Third, SEL (GS-4997) is a selective apoptosis signal-regulating kinase 1 (ASK1) inhibitor. To assess the effects of SEL (18, 6 mg/day, placebo), two phase III studies have been started for NASH patients with compensated cirrhosis (STELLAR-4) or bridging fibrosis (STELLAR-3) to assess histological improvement with a planned analysis at 48 weeks. Unfortunately, both the STELLAR-3 and STELLAR-4 study failed to show a significant benefit in patients receiving the drug compared with the placebo group in the outcome of the week 48 analysis. Although these results are disappointing, additional sub-analyses of patients who responded optimally in the STELLAR program can be considered. Farnesoid X receptors (FXRs), are nuclear receptor transcription factors expressed in the liver that play a role in lipid metabolism. Interestingly, loss of FXR expression in mice amplified the ability of endoplasmic reticulum stress to drive expression of NACHT, LRR, PYD domain-containing protein 3 (NLRP3), and thioredoxin interacting protein, thereby augmenting liver injury. However, the FXR ligand had the opposite effect. FXR activation reduced the expression of NLRP3 by inhibiting the endoplasmic reticulum stress-mediated PERK/CHOP pathway. These results indicate that FXR regulation of endoplasmic reticulum stress helps inhibit the liver injury associated with activation of the inflammasome (12). A phase III clinical trial is currently enrolling biopsy-proven NASH patients to see the effect of OCA (25, 10 mg/day, placebo) on liver histology for 72 weeks. To assess long-term outcomes including progression to cirrhosis, death, or need for liver transplantation, those patients will be followed for 6 years.

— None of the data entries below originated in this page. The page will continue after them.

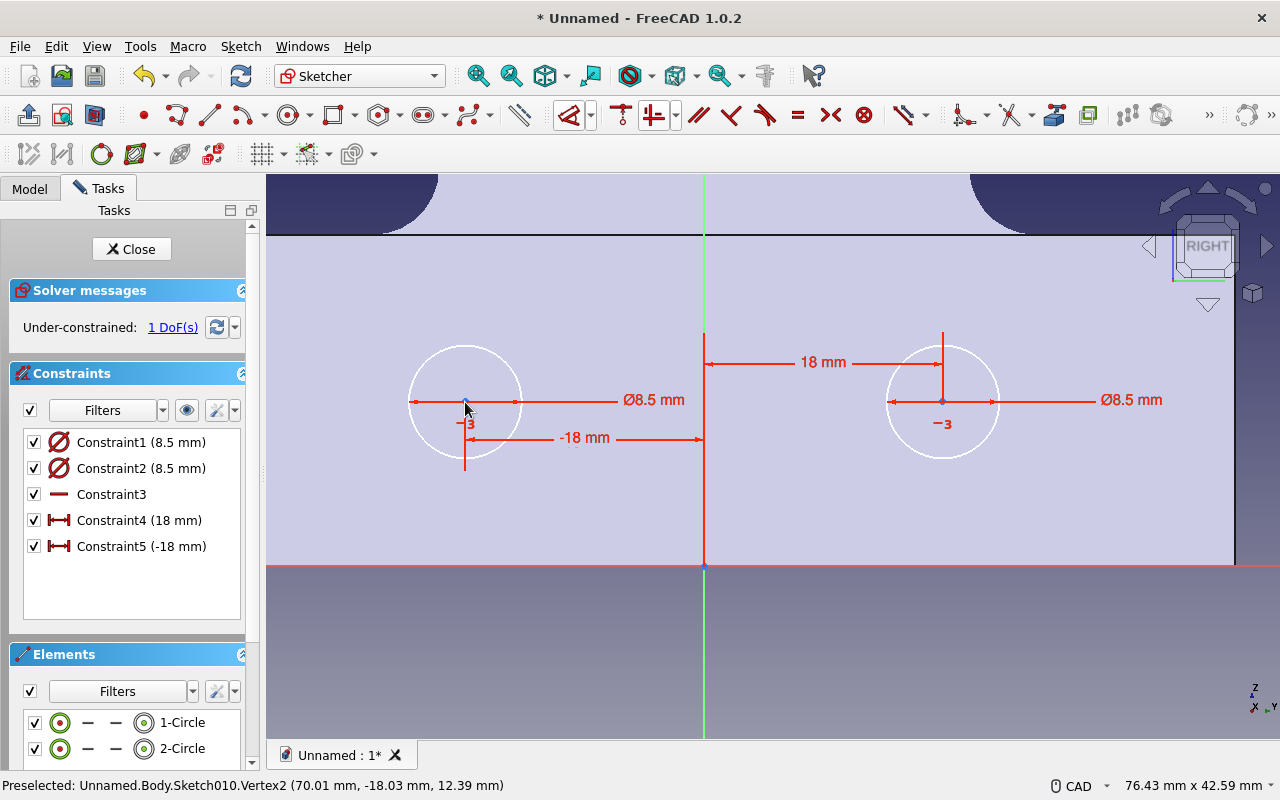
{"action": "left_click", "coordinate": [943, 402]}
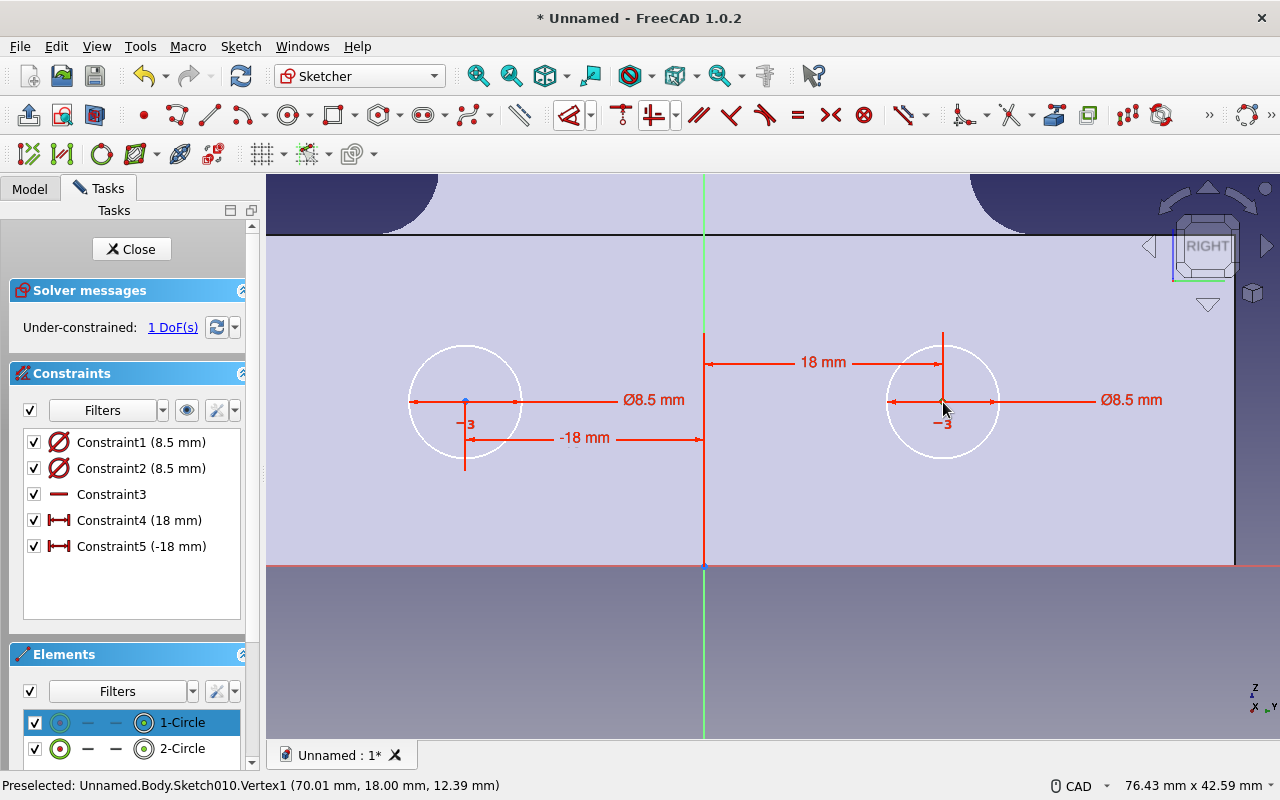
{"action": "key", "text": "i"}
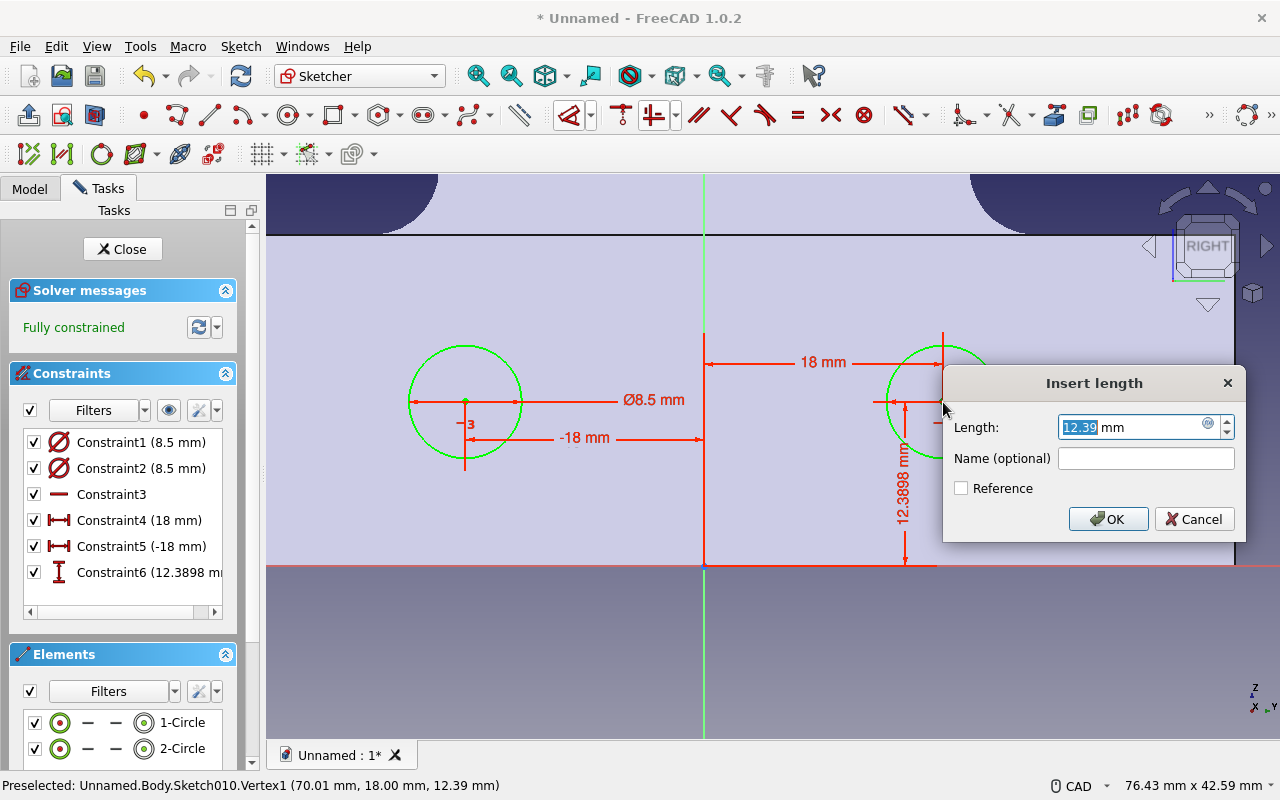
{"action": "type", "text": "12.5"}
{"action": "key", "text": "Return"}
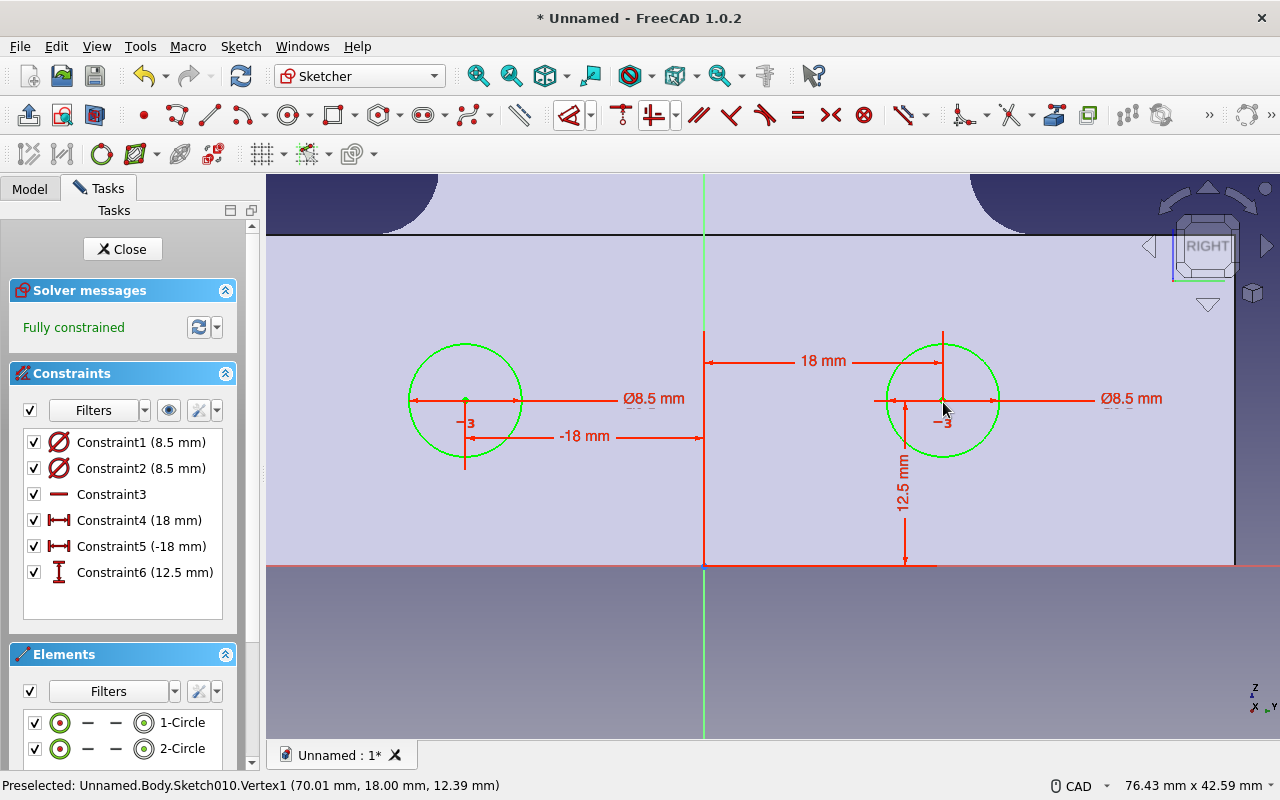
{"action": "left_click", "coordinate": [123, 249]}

Based on these phase III clinical studies, it is expected that a treatment agent for NASH will emerge in the future. Although the results of these phase III studies are pending, less than 40% of overall patients responded to the clinical trial agents. Considering that numerous molecular pathways interact to orchestrate the pathogenesis of NASH, combined therapies are likely to be utilized in the future. As each drug will likely target different aspects of pathogenesis, it is hard to predict which combined therapies will be most effective; for example, a drug targeting de novo lipogenesis combined with an anti-inflammatory agent or a drug that improves lipid metabolism paired with an anti-fibrotic agent.

It is also important to consider how genetic variations in the host influence disease phenotype. A genetic predisposition to NAFLD has been described in several studies (13). Patatin-like phospholipase domain-containing protein 3 (PNPLA3), which encodes the adiponutrin protein, identified by a genome-wide association study (GWAS), was the first gene implicated in NAFLD. Subsequent GWASs have verified and characterized several other variants with moderate effect sizes, including variants in GCKR, HSD17B13, TM6SF2, and MBOAT7. It is important to identify the genetic factors that regulate susceptibility to liver damage because studies in twins have indicated that heritable factors account for approximately half of the inter-individual differences in the prevalence of NASH with cirrhosis (14).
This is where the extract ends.